PROBLEM TO WORK ON
The required result is the number of lines below that hold the word "Maastricht", stated without anything else.

DATA EXTRACT

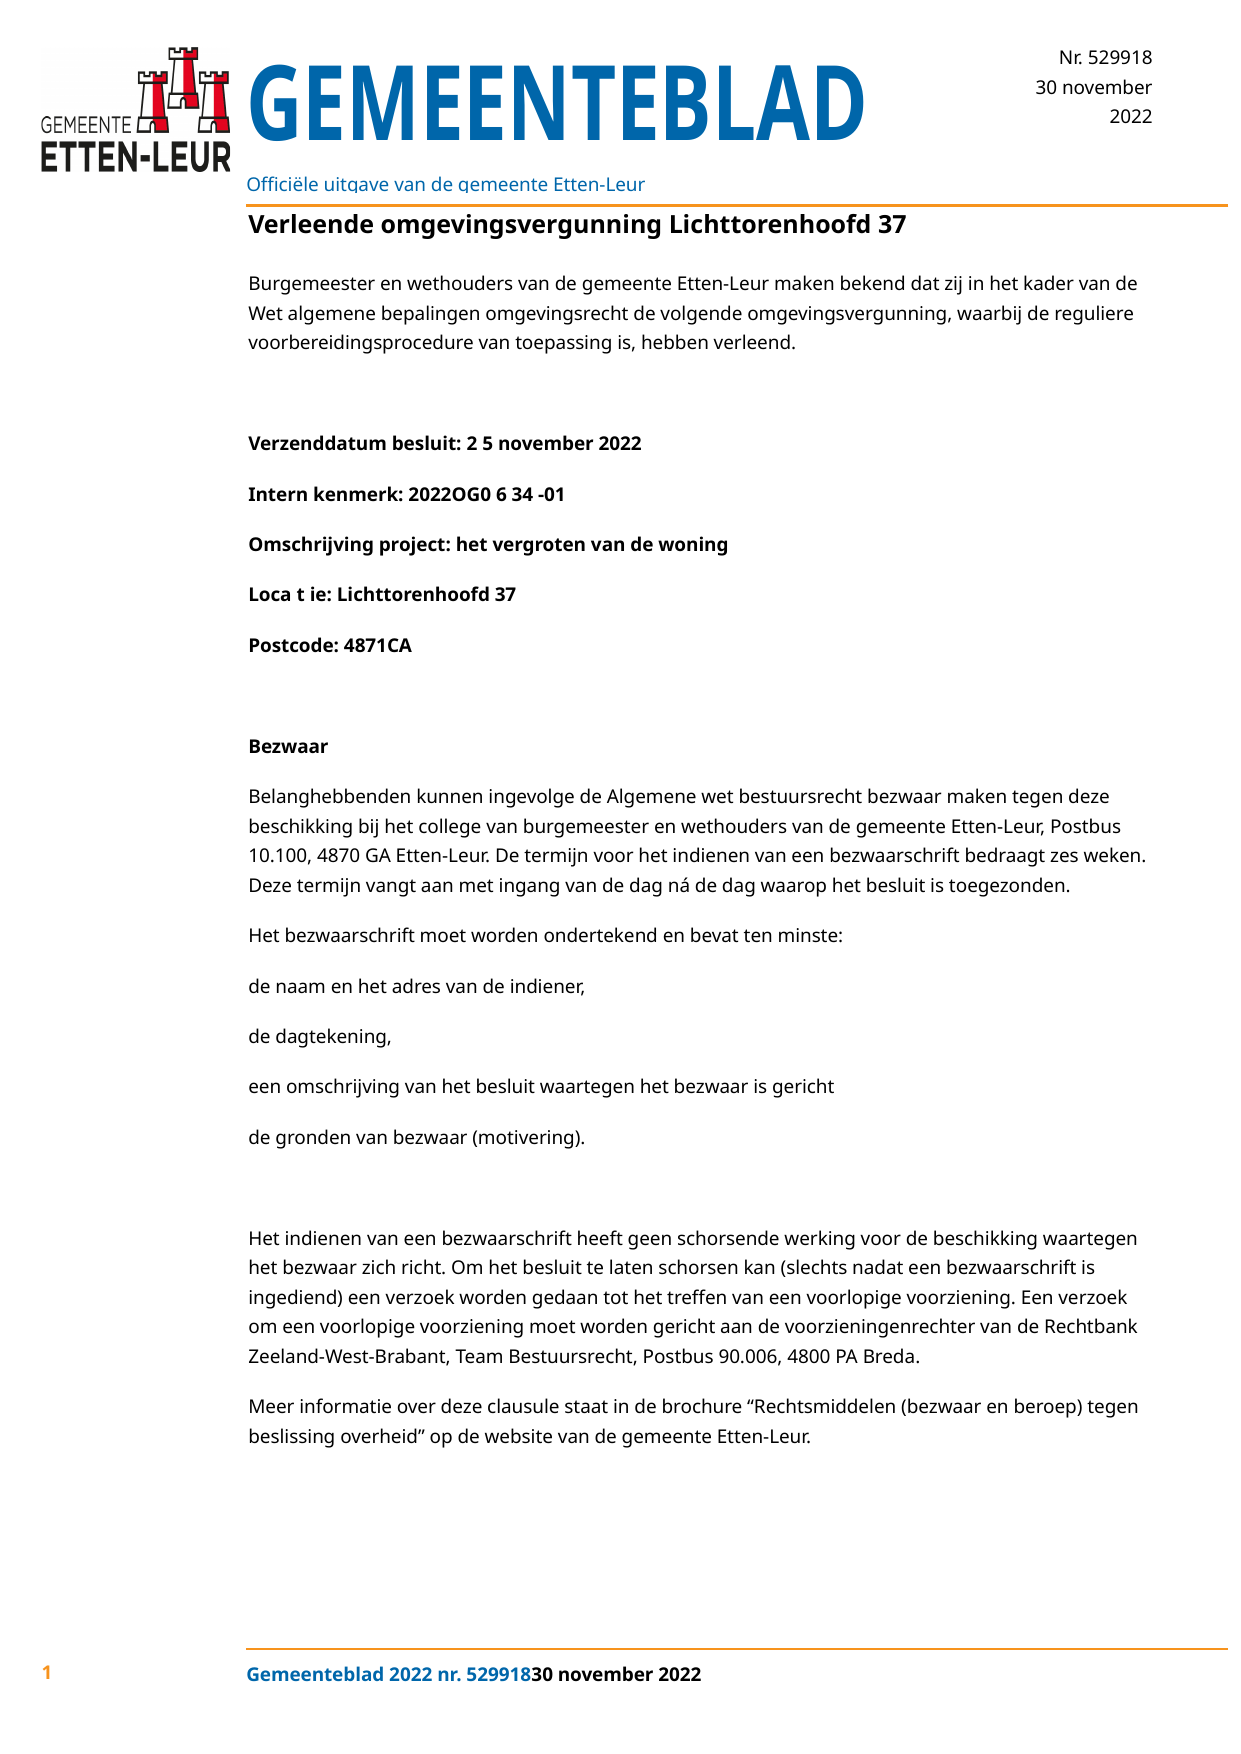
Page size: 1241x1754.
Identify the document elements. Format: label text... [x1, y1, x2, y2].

text Bezwaar [248, 733, 1152, 758]
text Het bezwaarschrift moet worden ondertekend en bevat ten minste: [248, 922, 1152, 948]
text de dagtekening, [248, 1023, 1152, 1049]
text Belanghebbenden kunnen ingevolge de Algemene wet bestuursrecht bezwaar maken tegen deze beschikking bij het college van burgemeester en wethouders van de gemeente Etten-Leur, Postbus 10.100, 4870 GA Etten-Leur. De termijn voor het indienen van een bezwaarschrift bedraagt zes weken. Deze termijn vangt aan met ingang van de dag ná de dag waarop het besluit is toegezonden. [248, 783, 1152, 898]
text Het indienen van een bezwaarschrift heeft geen schorsende werking voor de beschikking waartegen het bezwaar zich richt. Om het besluit te laten schorsen kan (slechts nadat een bezwaarschrift is ingediend) een verzoek worden gedaan tot het treffen van een voorlopige voorziening. Een verzoek om een voorlopige voorziening moet worden gericht aan de voorzieningenrechter van de Rechtbank Zeeland-West-Brabant, Team Bestuursrecht, Postbus 90.006, 4800 PA Breda. [248, 1225, 1152, 1369]
picture [41, 47, 231, 172]
text Omschrijving project: het vergroten van de woning [248, 531, 1152, 557]
text Verleende omgevingsvergunning Lichttorenhoofd 37 [248, 207, 1152, 241]
text de gronden van bezwaar (motivering). [248, 1124, 1152, 1150]
text een omschrijving van het besluit waartegen het bezwaar is gericht [248, 1074, 1152, 1099]
text Intern kenmerk: 2022OG0 6 34 -01 [248, 481, 1152, 506]
text Meer informatie over deze clausule staat in de brochure “Rechtsmiddelen (bezwaar en beroep) tegen beslissing overheid” op de website van de gemeente Etten-Leur. [248, 1394, 1152, 1449]
text Verzenddatum besluit: 2 5 november 2022 [248, 430, 1152, 456]
text Postcode: 4871CA [248, 632, 1152, 658]
text Burgemeester en wethouders van de gemeente Etten-Leur maken bekend dat zij in het kader van de Wet algemene bepalingen omgevingsrecht de volgende omgevingsvergunning, waarbij de reguliere voorbereidingsprocedure van toepassing is, hebben verleend. [248, 270, 1152, 355]
text Loca t ie: Lichttorenhoofd 37 [248, 582, 1152, 607]
text de naam en het adres van de indiener, [248, 973, 1152, 998]
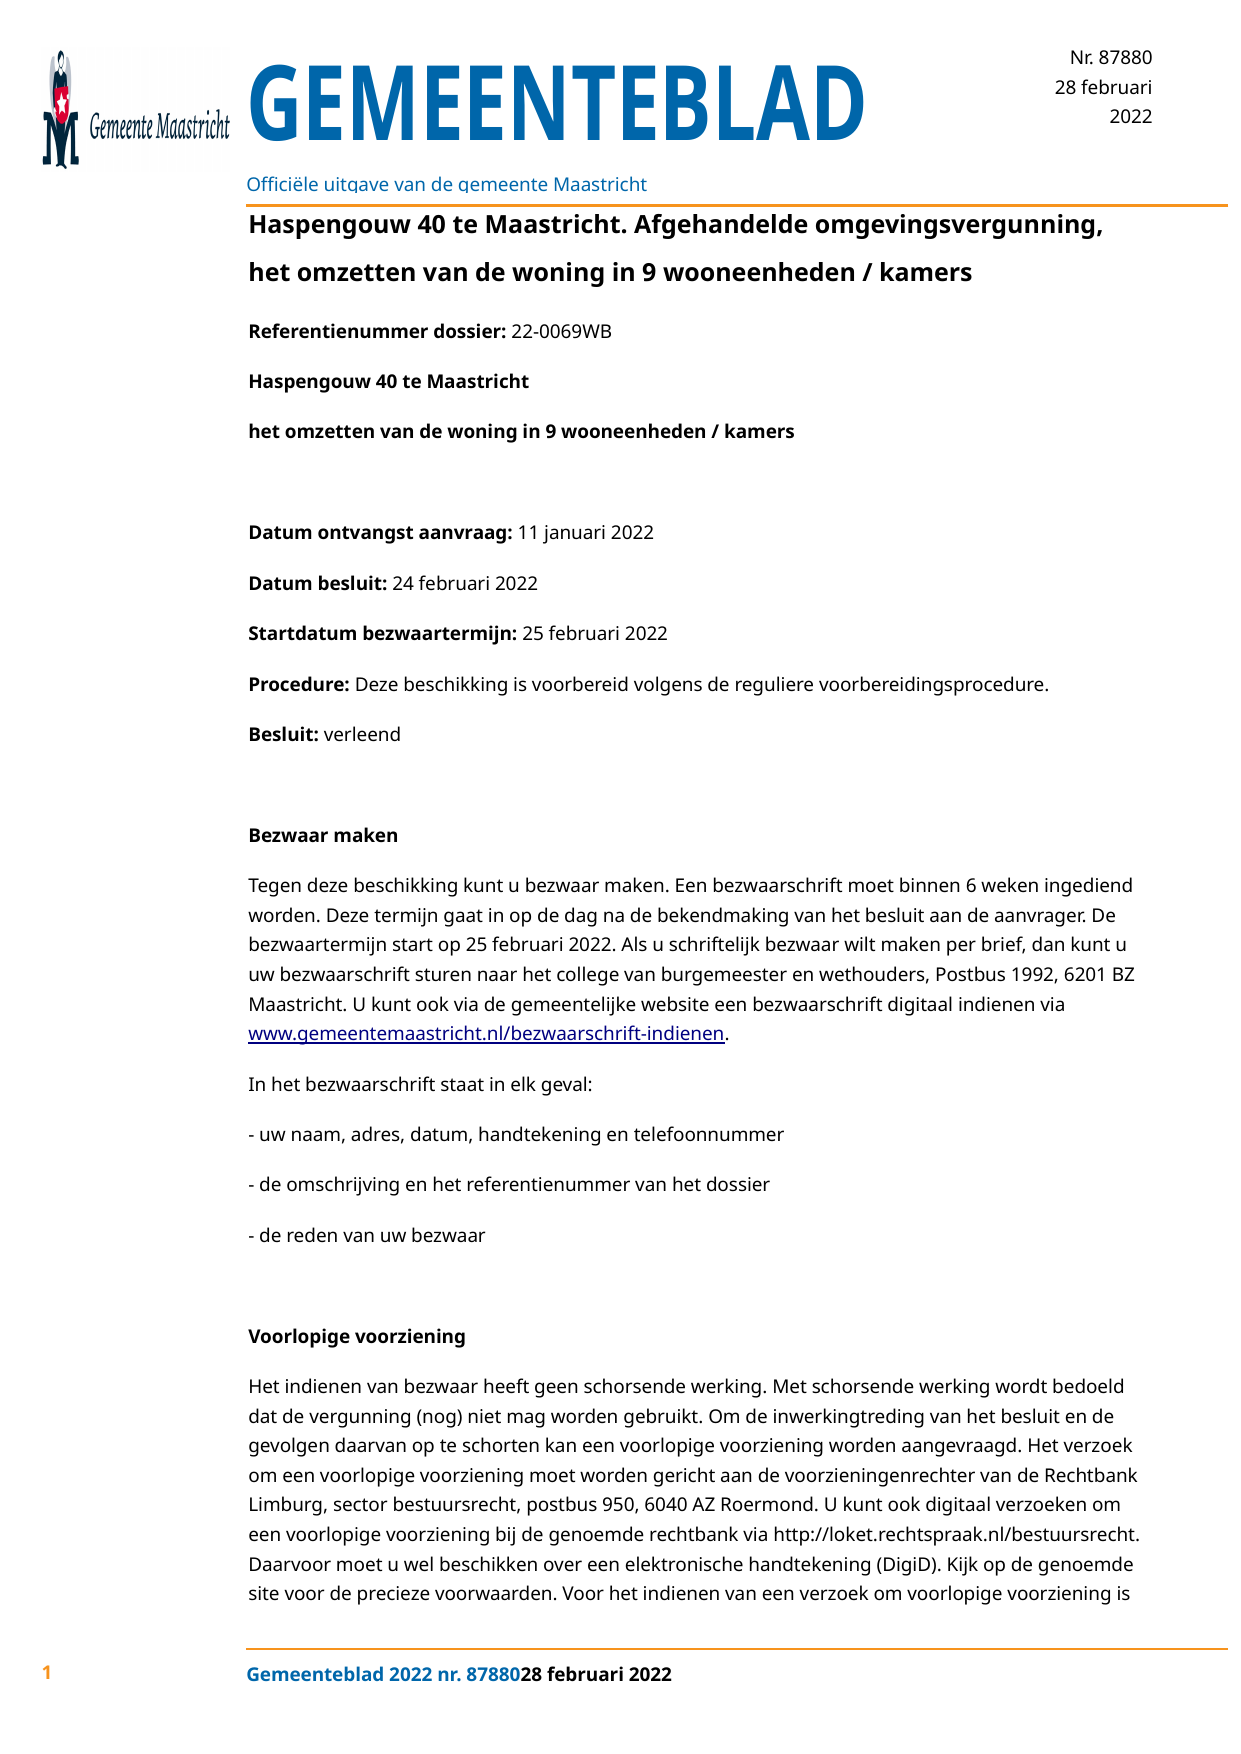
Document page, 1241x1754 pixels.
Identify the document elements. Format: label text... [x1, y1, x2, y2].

text - de reden van uw bezwaar [248, 1222, 1152, 1248]
text Het indienen van bezwaar heeft geen schorsende werking. Met schorsende werking wordt bedoeld dat de vergunning (nog) niet mag worden gebruikt. Om de inwerkingtreding van het besluit en de gevolgen daarvan op te schorten kan een voorlopige voorziening worden aangevraagd. Het verzoek om een voorlopige voorziening moet worden gericht aan de voorzieningenrechter van de Rechtbank Limburg, sector bestuursrecht, postbus 950, 6040 AZ Roermond. U kunt ook digitaal verzoeken om een voorlopige voorziening bij de genoemde rechtbank via http://loket.rechtspraak.nl/bestuursrecht. Daarvoor moet u wel beschikken over een elektronische handtekening (DigiD). Kijk op de genoemde site voor de precieze voorwaarden. Voor het indienen van een verzoek om voorlopige voorziening is [248, 1373, 1152, 1606]
text Haspengouw 40 te Maastricht. Afgehandelde omgevingsvergunning, het omzetten van de woning in 9 wooneenheden / kamers [248, 207, 1152, 288]
text Besluit: verleend [248, 721, 1152, 747]
text - de omschrijving en het referentienummer van het dossier [248, 1172, 1152, 1197]
text Haspengouw 40 te Maastricht [248, 368, 1152, 394]
text het omzetten van de woning in 9 wooneenheden / kamers [248, 419, 1152, 444]
text Tegen deze beschikking kunt u bezwaar maken. Een bezwaarschrift moet binnen 6 weken ingediend worden. Deze termijn gaat in op de dag na de bekendmaking van het besluit aan de aanvrager. De bezwaartermijn start op 25 februari 2022. Als u schriftelijk bezwaar wilt maken per brief, dan kunt u uw bezwaarschrift sturen naar het college van burgemeester en wethouders, Postbus 1992, 6201 BZ Maastricht. U kunt ook via de gemeentelijke website een bezwaarschrift digitaal indienen via www.gemeentemaastricht.nl/bezwaarschrift-indienen. [248, 872, 1152, 1046]
text Startdatum bezwaartermijn: 25 februari 2022 [248, 620, 1152, 646]
text Procedure: Deze beschikking is voorbereid volgens de reguliere voorbereidingsprocedure. [248, 671, 1152, 697]
text In het bezwaarschrift staat in elk geval: [248, 1071, 1152, 1097]
text Referentienummer dossier: 22-0069WB [248, 318, 1152, 344]
text Bezwaar maken [248, 822, 1152, 848]
text - uw naam, adres, datum, handtekening en telefoonnummer [248, 1121, 1152, 1147]
text Datum besluit: 24 februari 2022 [248, 570, 1152, 596]
picture [41, 47, 231, 172]
text Voorlopige voorziening [248, 1323, 1152, 1349]
text Datum ontvangst aanvraag: 11 januari 2022 [248, 519, 1152, 545]
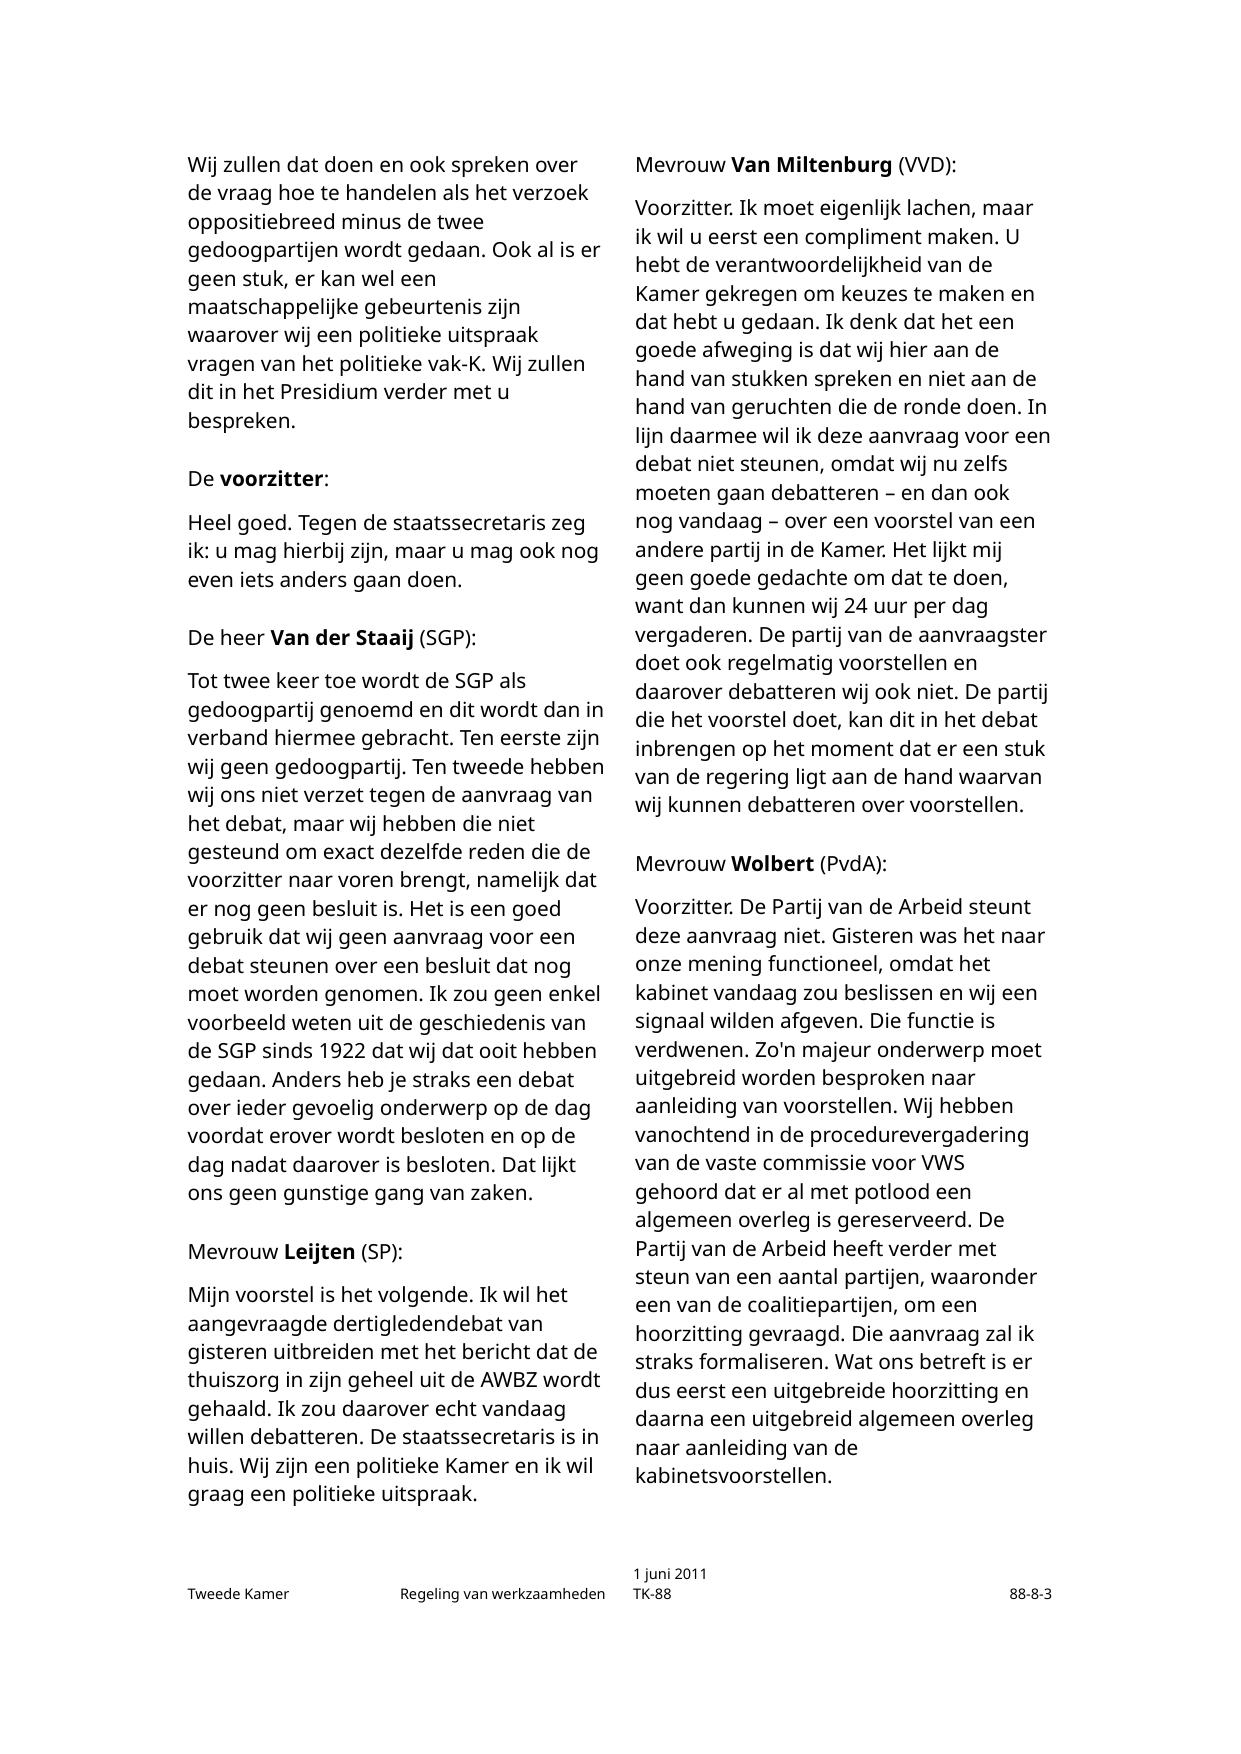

SOLUTION TO THE PROBLEM
3